# Paph delenatii vinicolor



## papheteer (Aug 11, 2015)

I have a few delenatii dunkel that don't do well. They stop growing roots in the pots, try to grow roots up by the stem. But of course the roots dried up. Soon enough whole plant just stalls. Should I remove lower leaves and pot deeper? Thanks!


----------



## Mocchaccino (Aug 12, 2015)

I got similar problem as yours. I got 2 seedlings almost 3 years ago. They keep on growing roots above and now resembling as if it is having a rhizome. It may be the composit problem. I have changed the media a few months ago. Now they seem doing well


----------



## Ozpaph (Aug 12, 2015)

can you show pictures, please?
Could you lightly wrap sphagnum around the lower stem????


----------



## Erythrone (Aug 12, 2015)

I grew some delenatiis vinis for a few years. My plants seemed to be very sensitive to "high" fertilization rate (althought I don't fertilize a lot...). I decided to repot those that I didn't kill in a fresh mix.
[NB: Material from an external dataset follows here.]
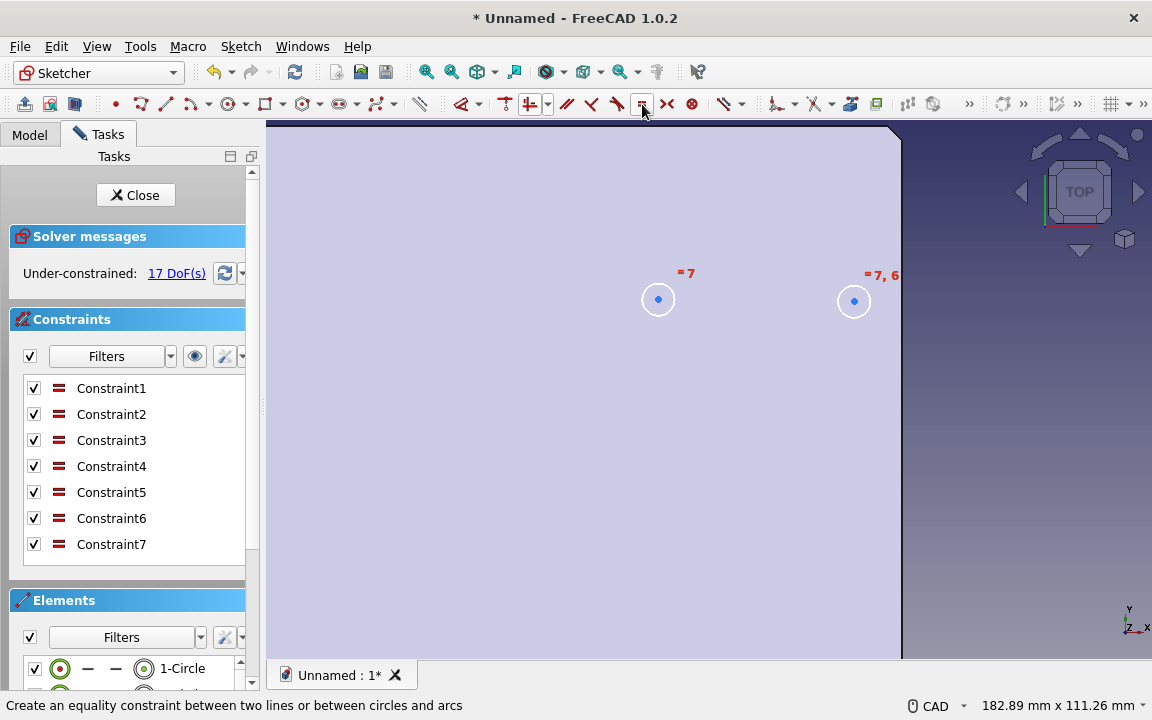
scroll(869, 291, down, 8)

About fertilisation I now almost always flush with clear water after giving them fert at less than 120 ppm salt. They seem to love it and resumed growing.


----------



## Linus_Cello (Aug 12, 2015)

Erythrone said:


> I grew some delenatiis vinis for a few years. My plants seemed to be very sensitive to "high" fertilization rate (althought I don't fertilize a lot...). I decided to repot those that I didn't kill in a fresh mix. About fertilisation I now almost always flush with clear water after giving them fert at less than 120 ppm salt. They seem to love it and resumed growing.



I wish I knew this 3 years ago... Thanks if I get another one, I'll know just to use water.


----------



## Paphman910 (Aug 12, 2015)

What mix do you grow them in Ardenn? I grow in moss, bark, charcoal, perlite in a tall pot. I repot yearly and fertilize with quarter strength every other watering. Generally I water all my plants with water and fertilize right after because I don't want the fertilizer to burn the roots.


----------



## MaryPientka (Aug 13, 2015)

I find that delenatii roots are especially water-seeking. I double-pot, clear, slotted, plastic pots in taller ceramic pots. This allows the drip water to accumulate in the bottom without allowing the plant to actually sit in water. 
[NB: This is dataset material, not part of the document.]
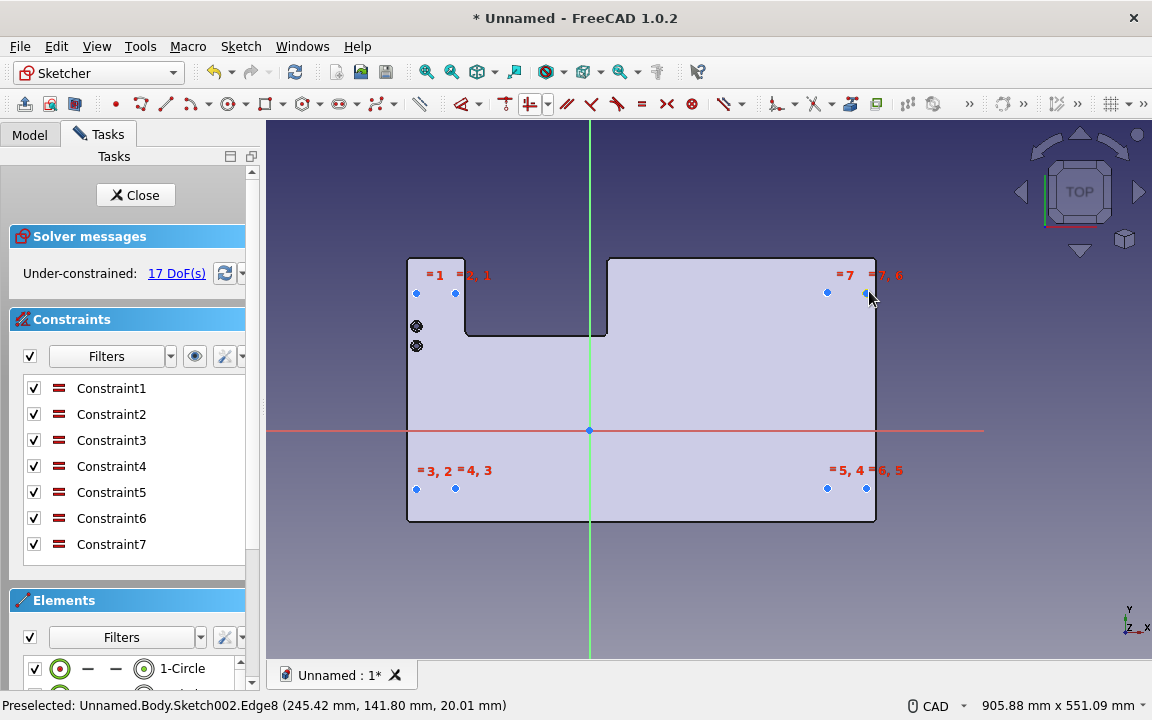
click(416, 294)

I use a potting mix and fertilizer routine similar to Paphman910. I water 2 times a week.

The plant in the photo is a first bloom seedling. The plant in my avatar is 10 years old.


----------



## Paphman910 (Aug 13, 2015)

Erythrone said:


> I grew some delenatiis vinis for a few years. My plants seemed to be very sensitive to "high" fertilization rate (althought I don't fertilize a lot...). I decided to repot those that I didn't kill in a fresh mix. About fertilisation I now almost always flush with clear water after giving them fert at less than 120 ppm salt. They seem to love it and resumed growing.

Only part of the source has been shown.